In the years of development from 2003 to 2007, Apple cranked out at least 40 different prototypes for the iPhone and iPad, many of which look only slightly different than the models that make it to market. Stringer brought pictures — see a collection of them at The Verge — and even examples of the prototypes to court, explaining how they would sometimes change just a single detail on a device to create a new iteration. “We are a pretty maniacal group of people,” Stringer said. “The size, the length, the width, the height — every single detail is crafted.”

Stringer didn’t hold back when asked about lookalikes. “We’ve been ripped off,” he declared, pointing to Samsung as one of the worst. “It’s a huge leap in imagination to come up with something new,” Stringer said. “That’s what we did.” But Samsung’s lawyers thought differently. In cross examination, Samsung counsel Charles Verhoeven pointed out how Apple’s design team would use lists of specs and design summaries from competitors products to guide their process along. As evidence, he produced an email from Stringer in 2011 requesting a list of all the competing tablets ahead of a brainstorming session. Stringer defended himself by explaining that the goal of the session was to survey the marketplace, not borrow others’ ideas.

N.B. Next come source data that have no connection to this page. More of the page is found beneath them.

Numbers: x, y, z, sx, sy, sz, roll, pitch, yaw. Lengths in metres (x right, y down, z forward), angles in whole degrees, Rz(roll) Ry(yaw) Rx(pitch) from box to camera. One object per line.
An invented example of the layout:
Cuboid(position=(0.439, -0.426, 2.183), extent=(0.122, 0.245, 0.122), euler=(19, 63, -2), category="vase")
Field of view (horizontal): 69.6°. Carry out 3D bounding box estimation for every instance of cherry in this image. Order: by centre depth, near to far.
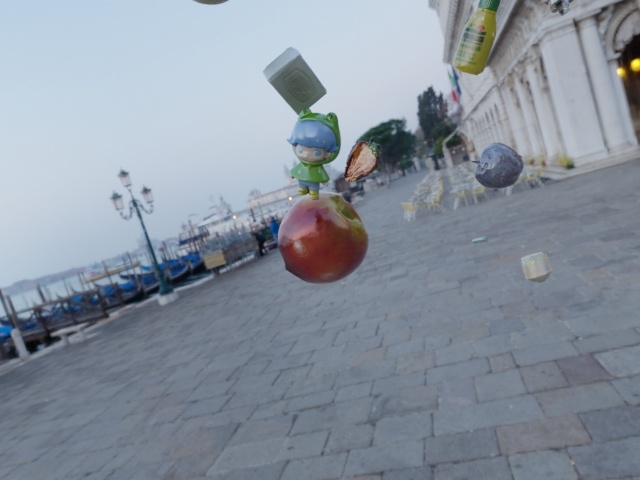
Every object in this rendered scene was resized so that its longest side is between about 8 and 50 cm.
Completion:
Cuboid(position=(0.741, -0.304, 1.914), extent=(0.195, 0.195, 0.195), euler=(-17, 5, 2), category="cherry")

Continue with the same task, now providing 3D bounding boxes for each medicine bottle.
Cuboid(position=(0.428, -0.575, 1.208), extent=(0.064, 0.260, 0.095), euler=(-13, 38, -40), category="medicine bottle")

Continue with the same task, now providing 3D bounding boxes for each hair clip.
Cuboid(position=(0.565, -0.595, 1.111), extent=(0.062, 0.056, 0.214), euler=(-34, 29, 36), category="hair clip")

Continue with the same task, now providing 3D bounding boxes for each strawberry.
Cuboid(position=(0.179, -0.326, 1.883), extent=(0.140, 0.192, 0.085), euler=(11, 8, 21), category="strawberry")

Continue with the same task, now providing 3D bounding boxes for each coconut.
Cuboid(position=(0.911, 0.117, 1.939), extent=(0.116, 0.122, 0.116), euler=(-18, -4, -1), category="coconut")

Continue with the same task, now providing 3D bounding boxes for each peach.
Cuboid(position=(0.000, 0.000, 1.873), extent=(0.388, 0.388, 0.388), euler=(-17, 5, 2), category="peach")

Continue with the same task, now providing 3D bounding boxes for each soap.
Cuboid(position=(-0.074, -0.474, 1.375), extent=(0.121, 0.063, 0.183), euler=(-38, -34, 11), category="soap")

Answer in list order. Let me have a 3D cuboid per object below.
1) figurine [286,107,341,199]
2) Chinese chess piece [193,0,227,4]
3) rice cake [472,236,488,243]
Cuboid(position=(-0.023, -0.261, 1.393), extent=(0.162, 0.263, 0.143), euler=(16, 21, 20), category="figurine")
Cuboid(position=(-0.369, -0.900, 1.478), extent=(0.273, 0.273, 0.102), euler=(-19, 5, -21), category="Chinese chess piece")
Cuboid(position=(0.739, -0.002, 2.135), extent=(0.021, 0.022, 0.121), euler=(-63, 4, -8), category="rice cake")
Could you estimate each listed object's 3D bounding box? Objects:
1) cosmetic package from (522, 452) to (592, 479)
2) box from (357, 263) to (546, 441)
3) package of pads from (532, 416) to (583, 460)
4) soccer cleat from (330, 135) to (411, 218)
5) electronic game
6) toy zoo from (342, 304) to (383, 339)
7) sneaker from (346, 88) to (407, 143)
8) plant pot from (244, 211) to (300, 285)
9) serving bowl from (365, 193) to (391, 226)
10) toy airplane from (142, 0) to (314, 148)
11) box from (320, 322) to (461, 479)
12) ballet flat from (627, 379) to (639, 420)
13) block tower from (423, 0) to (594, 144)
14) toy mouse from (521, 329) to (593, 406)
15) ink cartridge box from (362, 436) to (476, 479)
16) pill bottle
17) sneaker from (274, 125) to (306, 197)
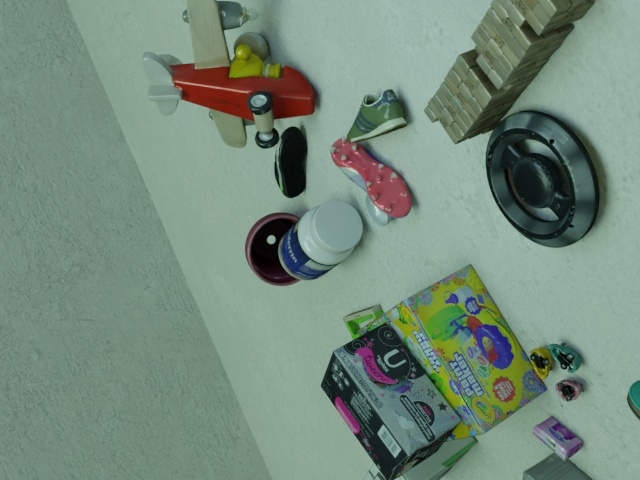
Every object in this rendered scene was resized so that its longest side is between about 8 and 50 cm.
[{"bbox_3d":[0.505,0.540,1.368,0.238,0.107,0.127,41,144,46],"label":"cosmetic package"},{"bbox_3d":[0.260,0.249,1.486,0.290,0.177,0.279,61,155,9],"label":"box"},{"bbox_3d":[0.457,0.380,1.373,0.083,0.050,0.032,39,139,44],"label":"package of pads"},{"bbox_3d":[0.114,-0.133,1.555,0.248,0.083,0.095,46,179,26],"label":"soccer cleat"},{"bbox_3d":[0.349,-0.096,1.142,0.229,0.048,0.229,46,149,38],"label":"electronic game"},{"bbox_3d":[0.171,0.320,1.899,0.293,0.030,0.192,63,155,3],"label":"toy zoo"},{"bbox_3d":[0.108,-0.256,1.458,0.192,0.064,0.086,-7,100,64],"label":"sneaker"},{"bbox_3d":[-0.125,0.010,2.023,0.180,0.201,0.201,-140,32,-69],"label":"plant pot"},{"bbox_3d":[0.136,-0.074,1.605,0.083,0.027,0.083,44,148,38],"label":"serving bowl"},{"bbox_3d":[-0.231,-0.404,1.732,0.384,0.272,0.386,39,149,-23],"label":"toy airplane"},{"bbox_3d":[0.135,0.320,1.421,0.247,0.142,0.163,51,150,25],"label":"box"},{"bbox_3d":[0.573,0.288,1.019,0.280,0.095,0.096,18,141,57],"label":"ballet flat"},{"bbox_3d":[0.274,-0.273,1.075,0.097,0.091,0.335,59,155,14],"label":"block tower"},{"bbox_3d":[0.445,0.236,1.285,0.143,0.031,0.161,3,116,63],"label":"toy mouse"},{"bbox_3d":[0.238,0.557,1.780,0.121,0.211,0.289,51,153,23],"label":"ink cartridge box"},{"bbox_3d":[0.000,0.000,1.792,0.153,0.153,0.264,62,154,6],"label":"pill bottle"},{"bbox_3d":[-0.096,-0.211,1.865,0.097,0.084,0.235,48,151,34],"label":"sneaker"}]
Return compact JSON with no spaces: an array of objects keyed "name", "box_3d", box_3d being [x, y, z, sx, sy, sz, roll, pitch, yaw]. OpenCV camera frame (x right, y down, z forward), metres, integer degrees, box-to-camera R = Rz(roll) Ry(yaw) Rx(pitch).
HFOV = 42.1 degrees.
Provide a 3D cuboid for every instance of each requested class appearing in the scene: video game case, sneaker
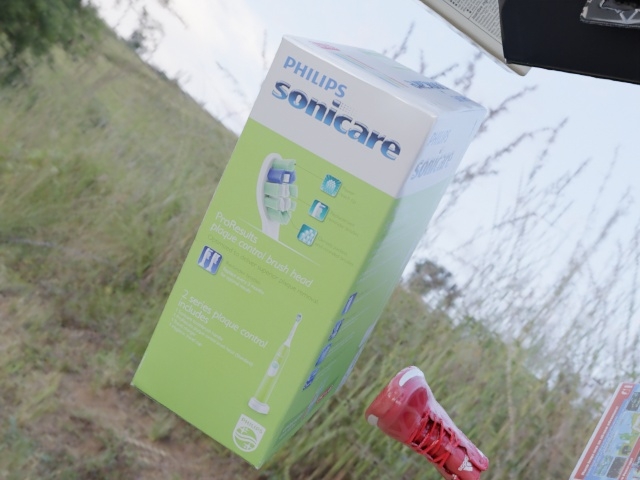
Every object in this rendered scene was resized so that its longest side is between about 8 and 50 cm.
[{"name":"video game case","box_3d":[0.524,0.298,1.214,0.025,0.204,0.285,50,-29,-20]},{"name":"sneaker","box_3d":[0.137,0.223,0.959,0.128,0.087,0.221,40,1,26]}]

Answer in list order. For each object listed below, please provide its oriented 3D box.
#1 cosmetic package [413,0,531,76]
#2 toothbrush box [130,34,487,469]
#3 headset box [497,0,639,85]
[{"name":"cosmetic package","box_3d":[0.202,-0.383,1.162,0.309,0.160,0.113,35,12,-8]},{"name":"toothbrush box","box_3d":[0.000,0.000,0.648,0.122,0.283,0.206,31,19,13]},{"name":"headset box","box_3d":[0.281,-0.196,0.525,0.246,0.283,0.131,28,-43,52]}]
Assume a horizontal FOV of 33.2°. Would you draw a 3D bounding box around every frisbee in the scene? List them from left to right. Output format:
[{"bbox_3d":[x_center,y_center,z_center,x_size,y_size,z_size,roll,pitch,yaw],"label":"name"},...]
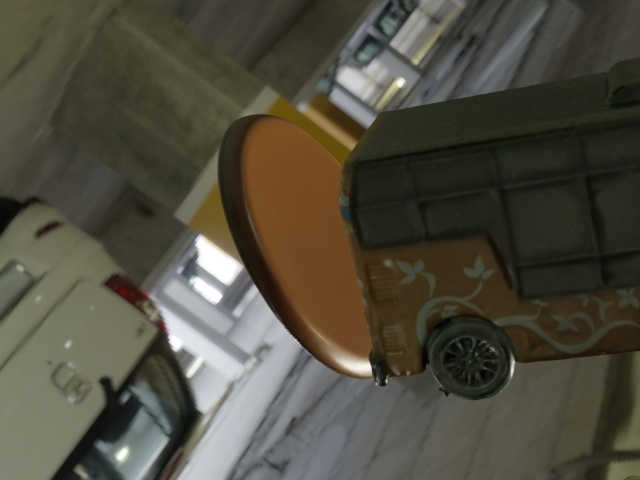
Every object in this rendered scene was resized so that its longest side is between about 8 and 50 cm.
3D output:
[{"bbox_3d":[0.000,0.000,0.919,0.021,0.251,0.251,-28,-165,25],"label":"frisbee"}]

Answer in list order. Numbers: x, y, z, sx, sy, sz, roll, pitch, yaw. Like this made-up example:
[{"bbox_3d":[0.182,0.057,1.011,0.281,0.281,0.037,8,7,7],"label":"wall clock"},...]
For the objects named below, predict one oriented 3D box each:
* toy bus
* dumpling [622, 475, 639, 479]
[{"bbox_3d":[0.160,-0.015,0.632,0.275,0.167,0.138,-7,-161,17],"label":"toy bus"},{"bbox_3d":[0.393,0.414,1.485,0.199,0.136,0.118,-39,146,-6],"label":"dumpling"}]
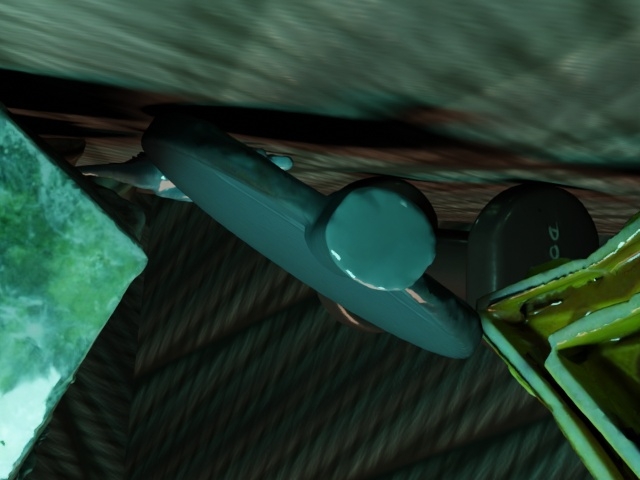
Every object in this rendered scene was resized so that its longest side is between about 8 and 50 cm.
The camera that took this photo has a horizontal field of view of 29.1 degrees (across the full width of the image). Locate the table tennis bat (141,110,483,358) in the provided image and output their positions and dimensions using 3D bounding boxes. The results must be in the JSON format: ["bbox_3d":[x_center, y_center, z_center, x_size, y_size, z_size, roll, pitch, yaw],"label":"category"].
[{"bbox_3d":[0.000,0.000,0.637,0.215,0.044,0.329,36,174,-6],"label":"table tennis bat"}]

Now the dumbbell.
[{"bbox_3d":[0.106,0.019,1.006,0.124,0.140,0.225,-4,-172,-39],"label":"dumbbell"}]

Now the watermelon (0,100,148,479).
[{"bbox_3d":[-0.207,0.009,0.675,0.387,0.228,0.258,13,-166,35],"label":"watermelon"}]

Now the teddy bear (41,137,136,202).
[{"bbox_3d":[-0.343,0.055,0.959,0.362,0.375,0.327,24,180,41],"label":"teddy bear"}]

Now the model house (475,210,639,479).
[{"bbox_3d":[0.206,0.127,0.606,0.300,0.340,0.323,8,-177,-42],"label":"model house"}]

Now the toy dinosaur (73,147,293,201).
[{"bbox_3d":[-0.086,-0.048,0.848,0.197,0.045,0.080,-7,-168,-42],"label":"toy dinosaur"}]

For the 15 or 16 people on Apple’s design team, the ultimate mission is clear. “Our job is to imagine products that don’t exist and guide the process that brings them to life,” Stringer explained. “We have our lives all around the products.” Obviously, these things need to be pretty, and when they land on the right look, it’s obvious. “It was the most beautiful of our designs,” String said of the final iPhone design. "When we realized what we got, we knew."